* TASK TO CARRY OUT *
Strip out the pictures and transcribe the records that follow exactly.

* THE INPUT *
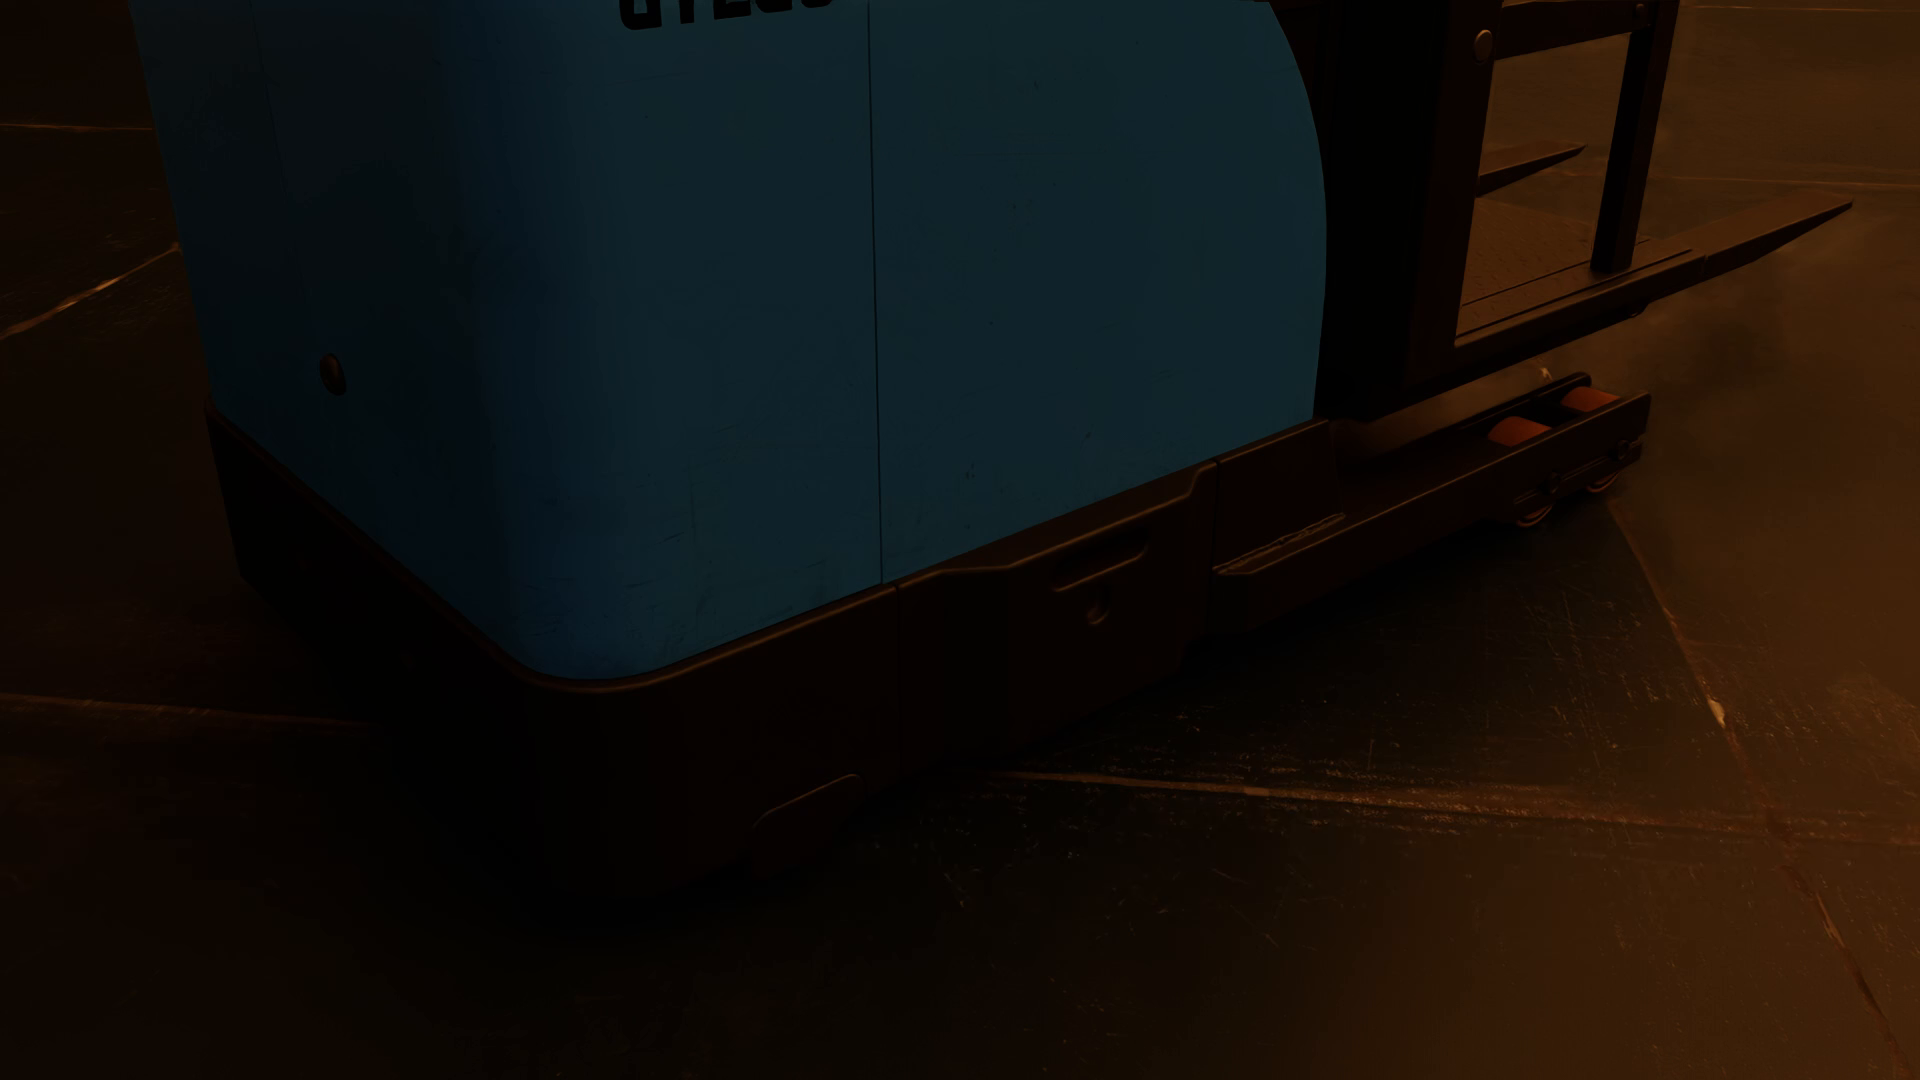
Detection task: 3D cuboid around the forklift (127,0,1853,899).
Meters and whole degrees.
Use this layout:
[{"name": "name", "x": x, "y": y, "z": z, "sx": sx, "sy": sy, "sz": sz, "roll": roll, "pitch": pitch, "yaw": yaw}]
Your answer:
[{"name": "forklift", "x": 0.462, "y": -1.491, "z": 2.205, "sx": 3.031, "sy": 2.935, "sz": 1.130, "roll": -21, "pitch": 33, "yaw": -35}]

* ANSWER TO THE PROBLEM *
Detection task: 3D cuboid around the forklift (127,0,1853,899).
Meters and whole degrees.
Use this layout:
[{"name": "name", "x": x, "y": y, "z": z, "sx": sx, "sy": sy, "sz": sz, "roll": roll, "pitch": pitch, "yaw": yaw}]
Your answer:
[{"name": "forklift", "x": 0.462, "y": -1.491, "z": 2.205, "sx": 3.031, "sy": 2.935, "sz": 1.130, "roll": -21, "pitch": 33, "yaw": -35}]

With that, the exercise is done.